Zittlau betonte, die IG sei nicht auf „Krawall“ aus, sondern wolle sich als „sachlicher Gesprächspartner“ anbieten. Das ändere nichts an der Auffassung, dass die Fläche mitten in einem Wohngebiet ungeeignet sei. Die IG habe bereits eine Anwaltskanzlei eingeschaltet, um den Klageweg vorzubereiten. Nach deren Einschätzung sehe es „juristisch ganz gut aus“. Bei allem betonte der Vorsitzende, dass sich der Protest nicht  gegen die „schwerkranken Menschen“ richte. Es seien „arme Leute“, die Hilfe bräuchten. Doch sei es nicht Aufgabe der IG, alternative Standorte zu suchen.

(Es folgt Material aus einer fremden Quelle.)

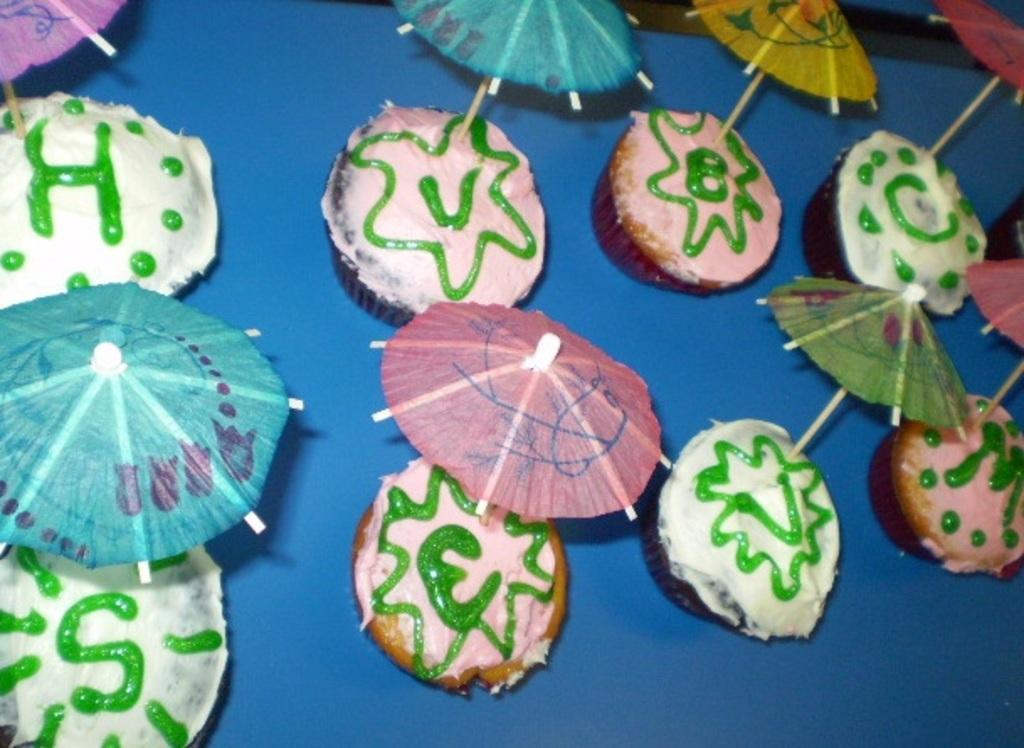Describe this image in one or two sentences. In this image, we can see cakes placed on the table.

Viele Einwände aus dem Publikum

Die Einwände des Vorstands und aus dem Publikum gegen die Entscheidung der Stadt schienen bei der Versammlung schier endlos. Diese habe die Anwohner und Anwohnerinnen überrumpelt, statt sie zeitig einzubinden. Im Viertel gebe es eine Kita, mehrere Kindertagespflegestellen, Berufskollegs, und es kreuzten sich Schulwege. Die ausgesuchte Fläche werde als Spielplatz genutzt, auch wenn sich keine Geräte darauf befinden. Wie solle die Sicherheit gewährleistet werden, wo doch die ganze Stadt jetzt schon „eine einzige Drogenszene“ sei und das Ordnungsamt überfordert wirke? Sicher werde die Kriminalität zunehmen. Es werde nicht nur Drogenabhängige, die unter dem Einfluss von Crack zu Aggressivität neigten, sondern auch Dealer ins Viertel ziehen, die die Umgebung unsicher machen würden.

Mehrfach infrage gestellt wurde die Maßgabe, das Suchthilfezentrum müsse im Umkreis von einem Kilometer um den Neumarkt liegen, weil es sonst von der Szene nicht angenommen würde; Sozialdezernent Harald Rau habe sich da in etwas verbissen. Ein Mann aus Pulheim, der um den Wert seiner Immobilien im Viertel fürchtet, empörte sich: „Hier wird Kapital vorsätzlich massiv vernichtet.“ Da nach Köln viele Drogenabhängige von auswärts kämen, dürften die Kosten der Einrichtung nicht allein an der Stadt hängen bleiben, lautete weitere Kritik. Wegen der vielen Kritikpunkte und offenen Fragen forderte Zittlau, die Entscheidung im Stadtrat zu vertagen und so „den Zeitdruck aus der Sache herauszunehmen“.

Am 20. Januar um 18 Uhr veranstaltet die Stadt im VHS-Forum im Rautenstrauch-Joest-Museum einen Infoabend für die Anwohnerschaft. Der IG-Vorstand hat am Montag alle Anwesenden aufgerufen, daran teilzunehmen und ihrem Protest Ausdruck zu verleihen.